Männer, die schon ein bisschen zu lange dabei sind, die keine Lust mehr haben, aber noch nicht bereit sind auszusteigen. Sie suchen nach einer neuen Form von Energie, von Bestätigung. Das hat mit Sex zu tun, ist aber nicht dasselbe wie Sex. Sie wollen dir viel mehr abnehmen, als deinen Tanga auf der Rückbank ihres Lexus. Sie wollen deine Ideen, deine Neugier, deine Lust, morgens aufzustehen und etwas Kreatives zu machen.

Keine Geheimnisse

Lena Dunham veröffentlicht auch einen Tagebuchauszug über einen Abnehmversuch, worin alles Gegessene mit Kalorienwert aufgelistet ist – sie schreibt, das sei das geheimste und demütigendste Dokument auf ihrem Computer. Immer wieder stellt sie klar, dass sie keine Geheimnisse haben kann, für sie muss alles ausgesprochen und ausdiskutiert werden. Zum Beispiel als sie es nicht aushält, dass ihre Schwester ihr erzählt dass sie lesbisch ist und sie irgendwann vor den Eltern damit herausplatzt – bevor die Schwester es ihnen selbst sagen kann.

Auch Nacktsein oder Sexszenen vor der Kamera überschreiten ihre Schamgrenze nicht. Lena Dunham weiß ganz genau, dass die ganzen Menschen, die sie fragen, woher sie den Mut nimmt, ihren Körper nackt zu zeigen, eigentlich wissen wollen, woher sie den Mut nimmt, ihren unvollkommenen Körper nackt zu zeigen. Ihre einfache Antwort: Sie braucht keinen Mut dafür, weil das nicht etwas ist, wovor sie sich fürchtet.

Buchcover

S. Fischer Verlag

"Not That Kind Of Girl – Was ich im Leben so gelernt habe" ist in einer Übersetzung aus dem Amerikanischen von Sophie Zeitz und Tobias Schnettler im S. Fischer Verlag erschienen

Allerdings gibt es schon auch eine Geheimnis-Grenze für Dunham: Als die Gossipseite Gawker Teile des unfertigen Manuskripts zum Buch geleakt hatte, war das für sie eine wahre Bloßstellung, schlimmer als nackt vor der Kamera zu sehen zu sein. In einem Interview sagt sie dazu:

"To me, it's such a huge violation. I would rather you took pictures of my boyfriend and me on vacation than put out my unedited work. It was really unfair because so much of it was focused on the advance I got for the book, and I have rarely seen a man attacked or put on trial like that, with the public saying, 'Do you deserve your money?'"

Ja, aber

Ja, Lena Dunham ist ein bisschen die Watschenfrau der Twitteria und Gawker scheint sie zu ihrer persönlichen Feindin erklärt zu haben.
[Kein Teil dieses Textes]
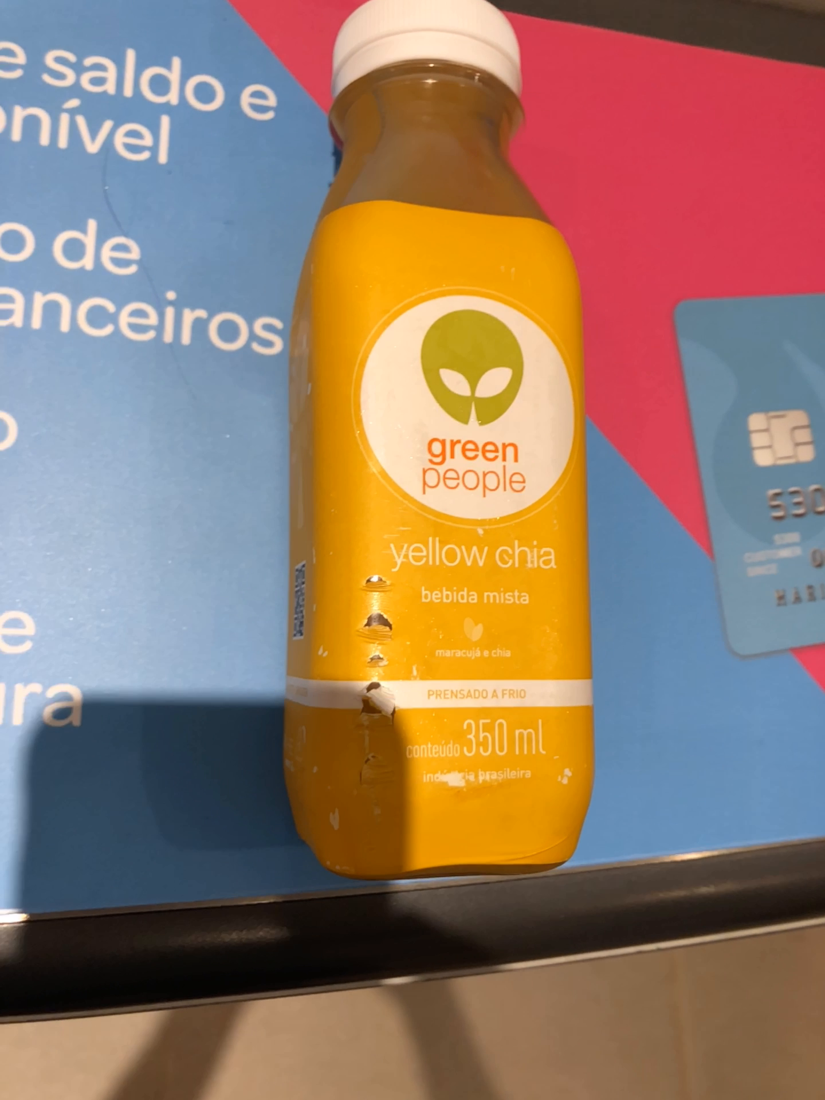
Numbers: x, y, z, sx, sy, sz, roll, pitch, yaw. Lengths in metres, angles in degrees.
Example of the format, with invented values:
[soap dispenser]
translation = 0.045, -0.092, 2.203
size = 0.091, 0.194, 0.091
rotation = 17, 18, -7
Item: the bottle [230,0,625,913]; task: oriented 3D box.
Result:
[bottle]
translation = -0.004, -0.030, 0.192
size = 0.060, 0.060, 0.180
rotation = -1, 83, -14
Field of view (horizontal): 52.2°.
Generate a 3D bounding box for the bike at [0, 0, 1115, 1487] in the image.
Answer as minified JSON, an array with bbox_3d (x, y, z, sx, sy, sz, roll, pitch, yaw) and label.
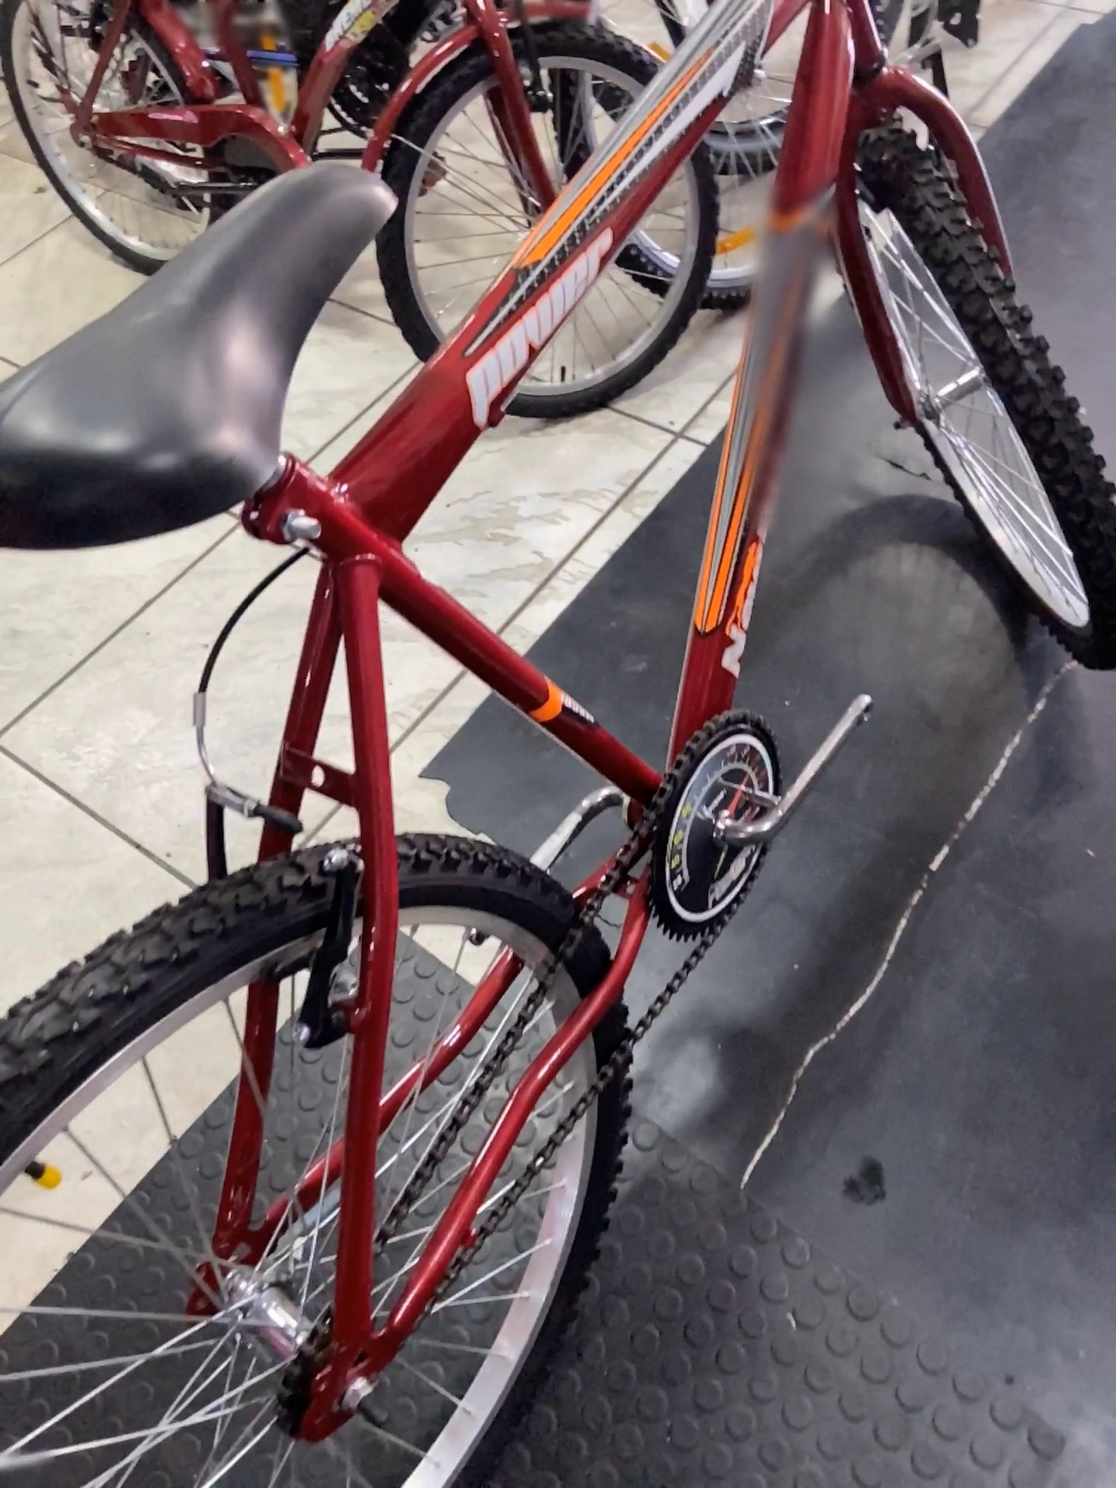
[{"bbox_3d":[-0.079,-0.175,0.751,0.566,1.030,1.587,18,62,21],"label":"bike"}]

Und ja, in einigen Dingen ist sie sehr ichbezogen und blind gegenüber eigenen Privilegien. In der ersten GIRLS-Staffel ist einfach keine einzige Person mit dunkler Hautfarbe vorgekommen. Und die Serie besteht ausschließlich aus First-World-Problems und eigenartigen Gesprächen darüber. Aus dem Buch wissen wir, das Lena Dunham therapiert und gecoacht wird, seit sie klein ist. Dass sie zwei erfolgreiche Künstler als Eltern hat, auf speziellen Kreativschulen war und später das superliberale Oberlin-Arts-College besucht hat. Also zehn Kilometer Startschubser vor allen anderen.
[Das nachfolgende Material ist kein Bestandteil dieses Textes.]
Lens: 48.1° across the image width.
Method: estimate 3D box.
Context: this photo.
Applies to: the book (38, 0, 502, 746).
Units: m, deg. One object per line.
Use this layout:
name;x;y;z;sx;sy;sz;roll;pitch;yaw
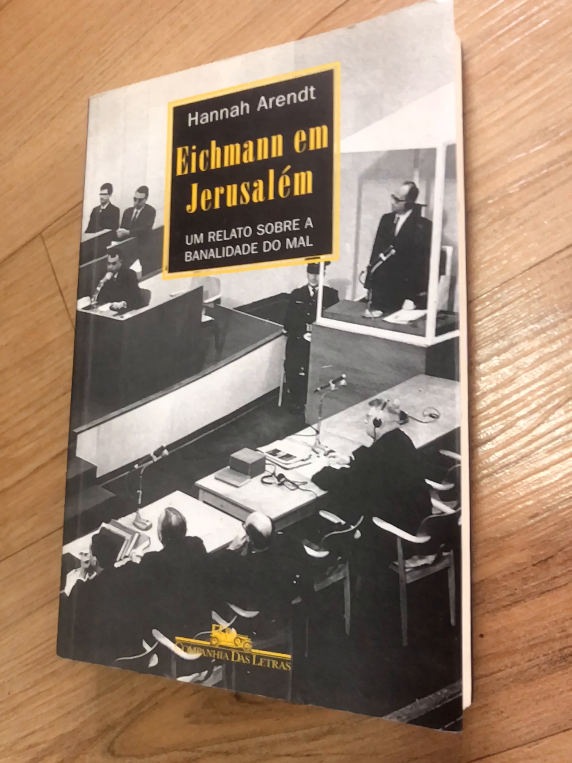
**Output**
book;-0.010;-0.009;0.207;0.144;0.023;0.202;-2;82;24

Darf frau jetzt Lena Dunham gut finden oder ist sie Verräterin aller unserer feministischen Werte (as suggested on Twitter & Co.)? Meine Antwort: Ja.
Auch wenn ich GIRLS nicht uneingeschränkt klasse finde, bin ich froh um das erfrischende Frauenbild, das hier gezeichnet wird. Und ich finde Lena Dunham als Person gut, freue mich über jedes Bild von irgendeinem roten Teppich, über jeden blondgefärbten Topfhaarschnitt, der vermutlich gerade in ganz Brooklyn nachgestylt wird. Das schönste ist: Lena Dunham macht ihre Sache, so wie sie das will. Der Boss ist bei allem immer sie selbst, auch bei den Sexszenen:

Sich nackt ausziehen fühlt sich an manchen Tagen besser an anderen schlechter. Doch ich tue es, weil mein Boss es von mir verlangt. Und mein Boss bin ich. Wenn man nackt ist, ist es schön, die Kontrolle zu haben.